(Data records)
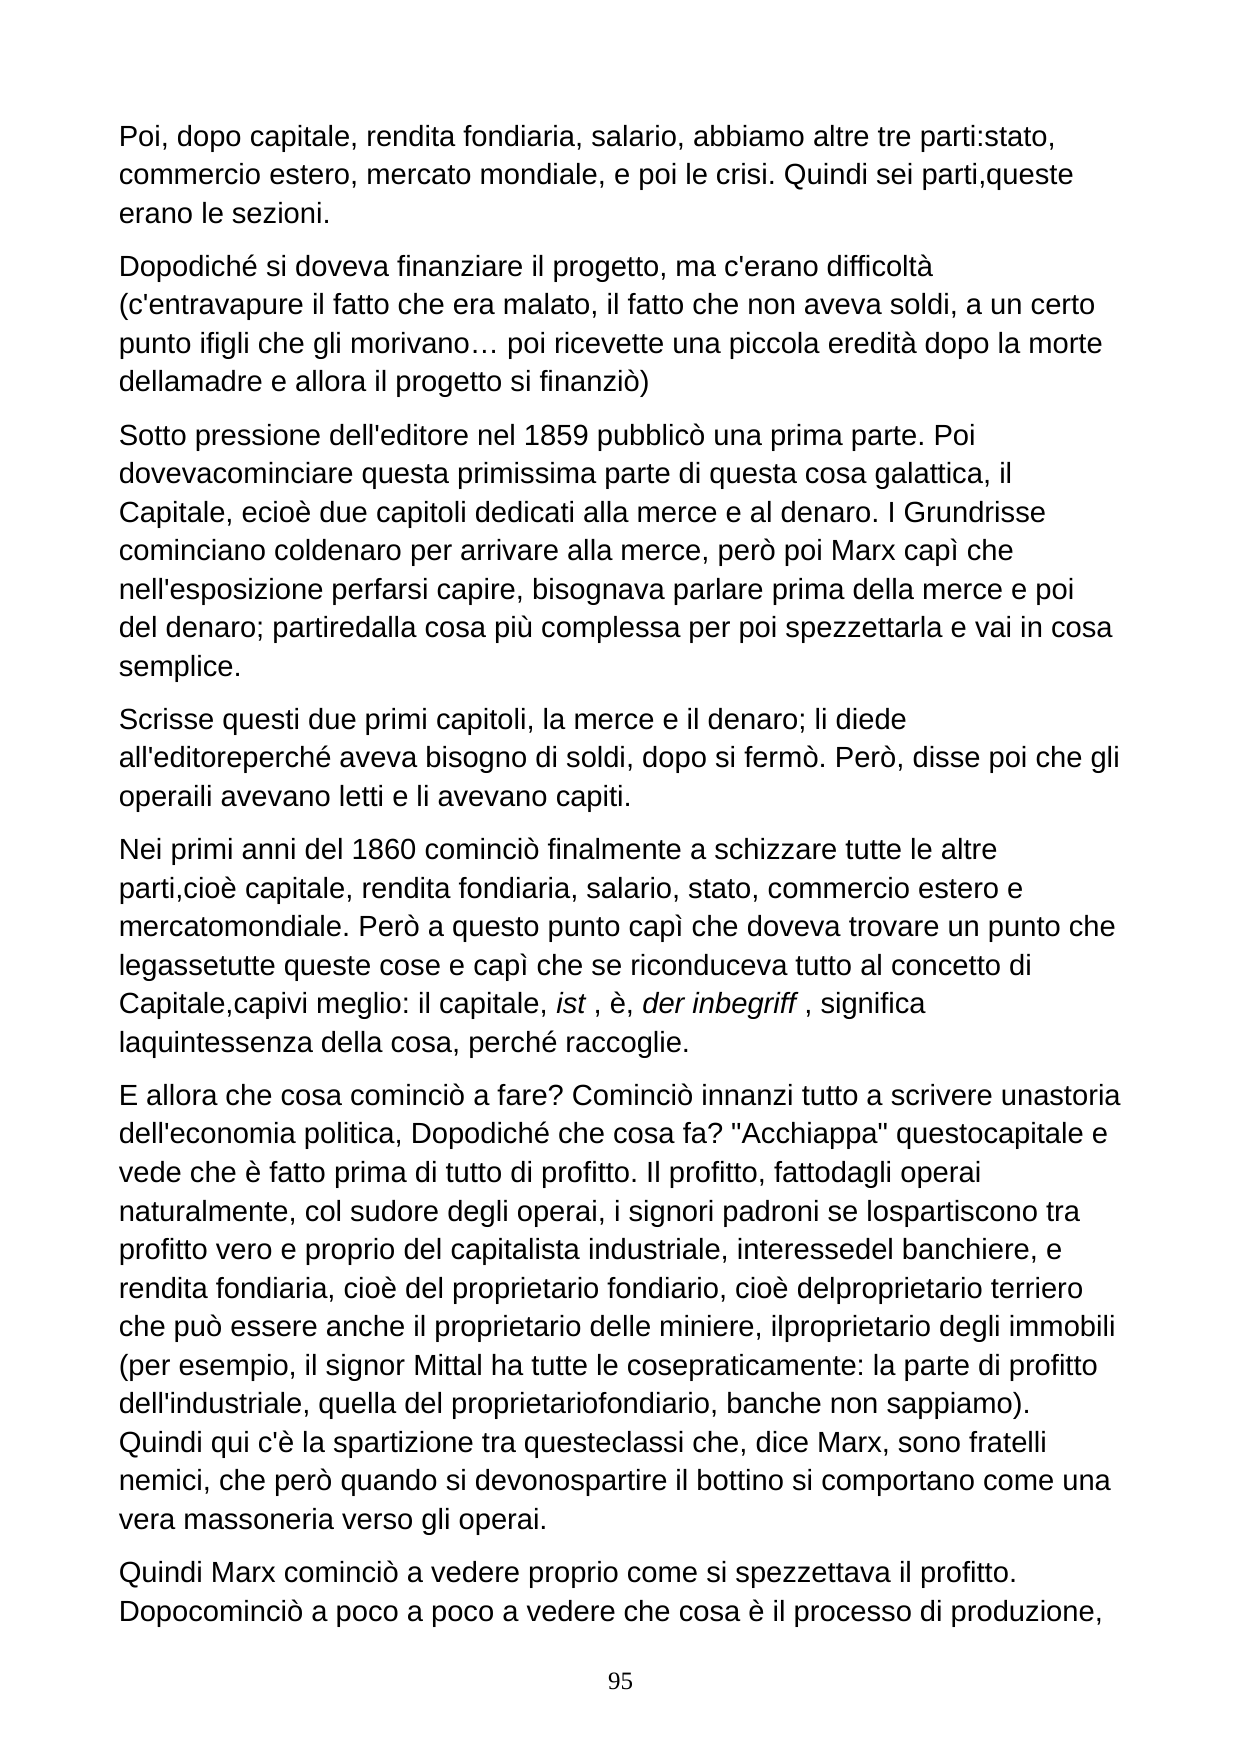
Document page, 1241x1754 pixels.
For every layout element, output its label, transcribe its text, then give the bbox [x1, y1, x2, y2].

text E allora che cosa cominciò a fare? Cominciò innanzi tutto a scrivere unastoria dell'economia politica, Dopodiché che cosa fa? "Acchiappa" questocapitale e vede che è fatto prima di tutto di profitto. Il profitto, fattodagli operai naturalmente, col sudore degli operai, i signori padroni se lospartiscono tra profitto vero e proprio del capitalista industriale, interessedel banchiere, e rendita fondiaria, cioè del proprietario fondiario, cioè delproprietario terriero che può essere anche il proprietario delle miniere, ilproprietario degli immobili (per esempio, il signor Mittal ha tutte le cosepraticamente: la parte di profitto dell'industriale, quella del proprietariofondiario, banche non sappiamo). Quindi qui c'è la spartizione tra questeclassi che, dice Marx, sono fratelli nemici, che però quando si devonospartire il bottino si comportano come una vera massoneria verso gli operai. [118, 1078, 1122, 1535]
text Nei primi anni del 1860 cominciò finalmente a schizzare tutte le altre parti,cioè capitale, rendita fondiaria, salario, stato, commercio estero e mercatomondiale. Però a questo punto capì che doveva trovare un punto che legassetutte queste cose e capì che se riconduceva tutto al concetto di Capitale,capivi meglio: il capitale, ist , è, der inbegriff , significa laquintessenza della cosa, perché raccoglie. [118, 832, 1122, 1058]
text Sotto pressione dell'editore nel 1859 pubblicò una prima parte. Poi dovevacominciare questa primissima parte di questa cosa galattica, il Capitale, ecioè due capitoli dedicati alla merce e al denaro. I Grundrisse cominciano coldenaro per arrivare alla merce, però poi Marx capì che nell'esposizione perfarsi capire, bisognava parlare prima della merce e poi del denaro; partiredalla cosa più complessa per poi spezzettarla e vai in cosa semplice. [118, 417, 1122, 682]
text Poi, dopo capitale, rendita fondiaria, salario, abbiamo altre tre parti:stato, commercio estero, mercato mondiale, e poi le crisi. Quindi sei parti,queste erano le sezioni. [118, 118, 1122, 229]
text Dopodiché si doveva finanziare il progetto, ma c'erano difficoltà (c'entravapure il fatto che era malato, il fatto che non aveva soldi, a un certo punto ifigli che gli morivano… poi ricevette una piccola eredità dopo la morte dellamadre e allora il progetto si finanziò) [118, 249, 1122, 398]
text Quindi Marx cominciò a vedere proprio come si spezzettava il profitto. Dopocominciò a poco a poco a vedere che cosa è il processo di produzione, [118, 1555, 1122, 1627]
text Scrisse questi due primi capitoli, la merce e il denaro; li diede all'editoreperché aveva bisogno di soldi, dopo si fermò. Però, disse poi che gli operaili avevano letti e li avevano capiti. [118, 702, 1122, 812]

(Exercise prompt) Among the lines of the listing above, which ones contain the word "stato"? Show them.

(Answer section)
text Nei primi anni del 1860 cominciò finalmente a schizzare tutte le altre parti,cioè capitale, rendita fondiaria, salario, stato, commercio estero e mercatomondiale. Però a questo punto capì che doveva trovare un punto che legassetutte queste cose e capì che se riconduceva tutto al concetto di Capitale,capivi meglio: il capitale, ist , è, der inbegriff , significa laquintessenza della cosa, perché raccoglie. [118, 832, 1122, 1058]
text Poi, dopo capitale, rendita fondiaria, salario, abbiamo altre tre parti:stato, commercio estero, mercato mondiale, e poi le crisi. Quindi sei parti,queste erano le sezioni. [118, 118, 1122, 229]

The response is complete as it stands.